The function is $f(x_1,x_2,x_3) = e^{x_1^2}+x_2^4+x_2^2x_3^2+x_3^4+6x_2+6x_3$
The gradient is $∇f(x)=[2x_1e^{x_1^2} ,4x_2^3+2x_2x_3^2+6, 4x_3^3+2x_3x_2^2+6]$
Now to find the extremum points the gradient must be zero and the only point I could find was $x=(0,-1,-1),$ however I'm not sure it is the only extremum point.

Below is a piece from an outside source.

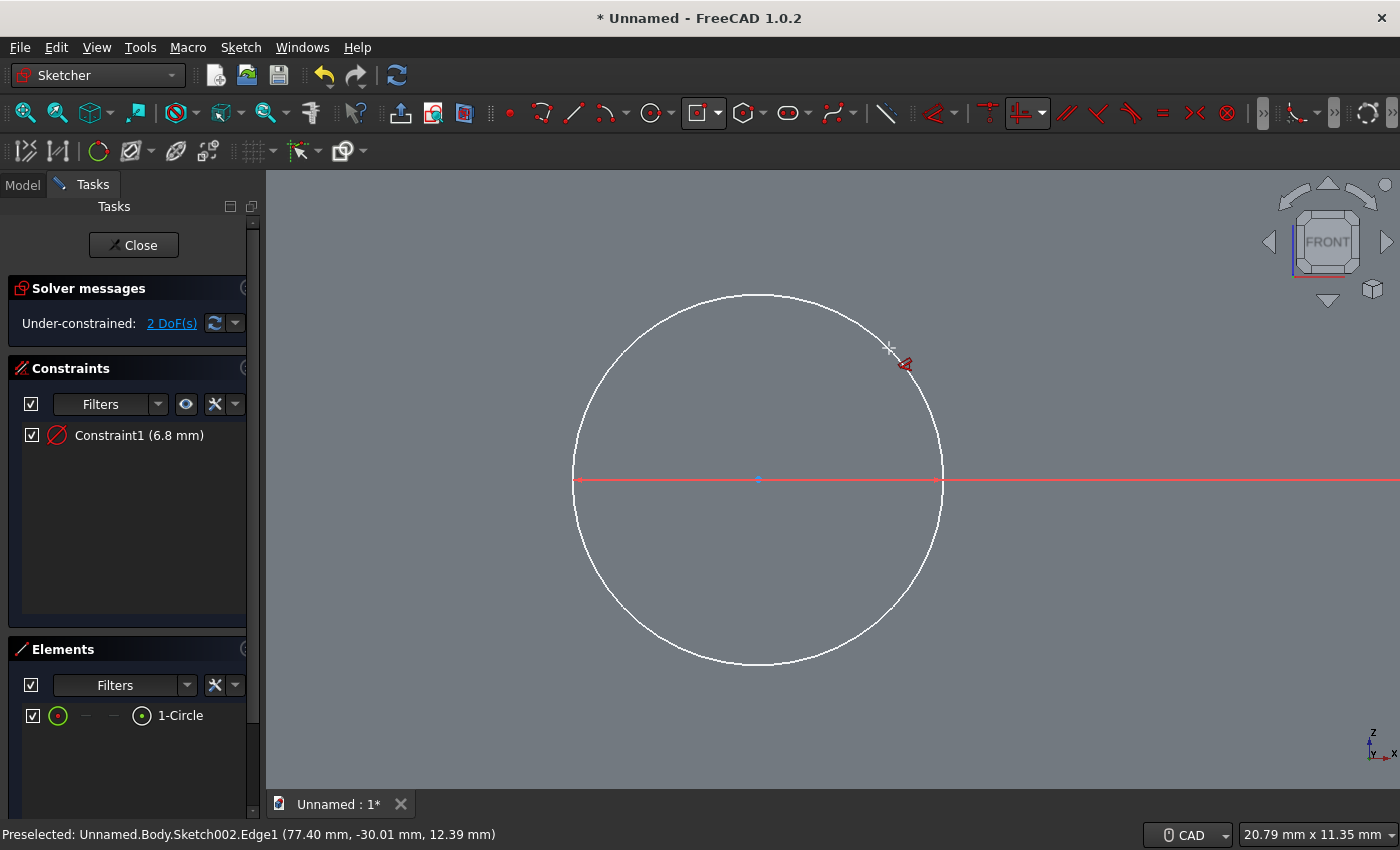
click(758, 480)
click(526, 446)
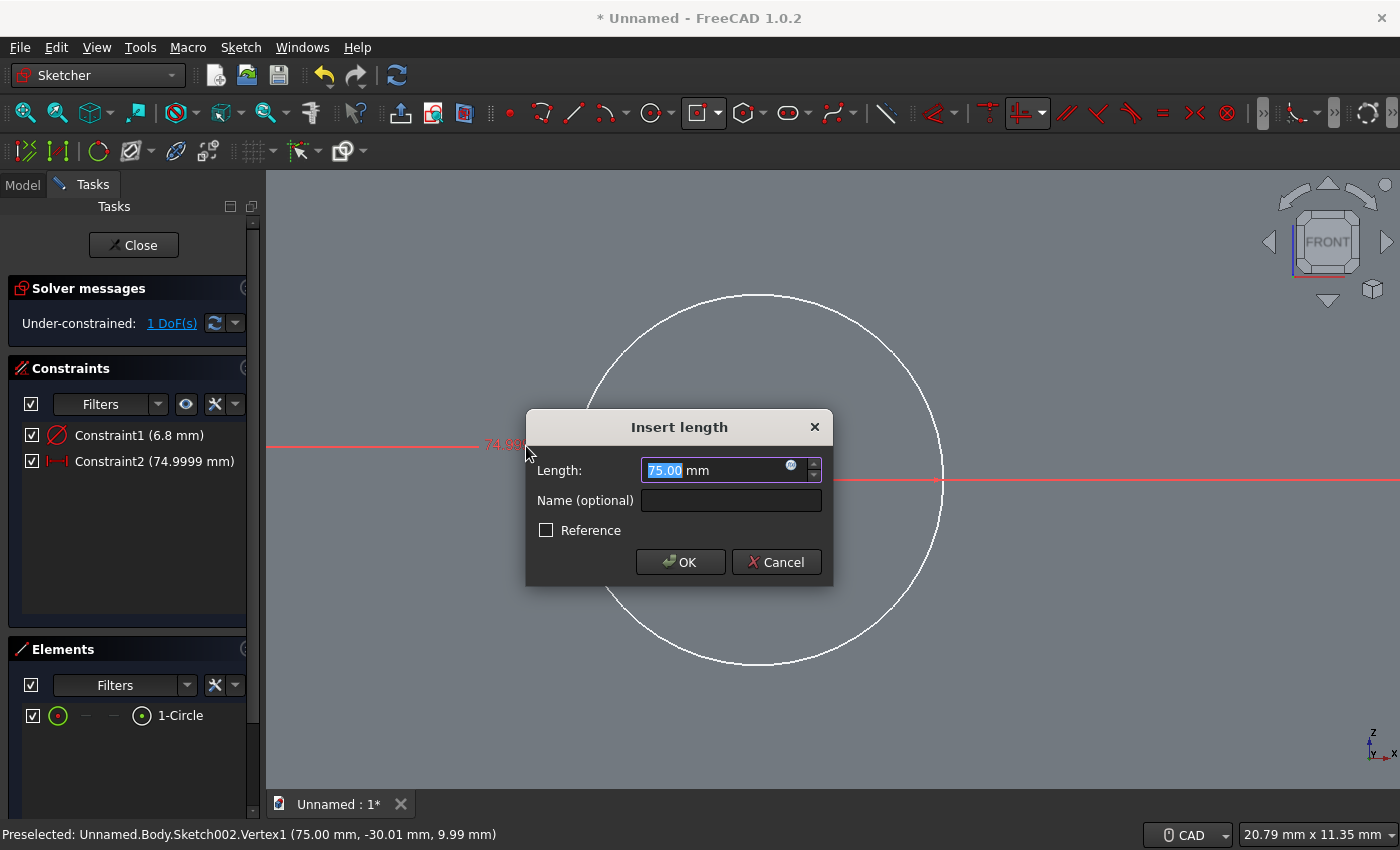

Furthermore, the $∇^2f(x)= \begin{pmatrix} 2e^{x_1^2}+4x_1^2e^{x_1^2} & 0 & 0 \\ 0 & 12x_2^2+2x_3^2 & 4x_2x_3 \\ 0 & 4x_3x_2 & 12x_3^2+2x_2^2 \end{pmatrix}$
There's a theory that states if $∇^2f(x)≥0$ then the function is convex, therefore any local extremum points are global.
At the point $x=(0,-1,-1)$ we do have that $∇^2f(x)≥0$, since all the leading principle minors are positive.
Does this mean that the function has one extremum point and that it's a global one?
It is correct, there is only one extremum point, the local minimum is a global minimum and is the only local extremum of the function.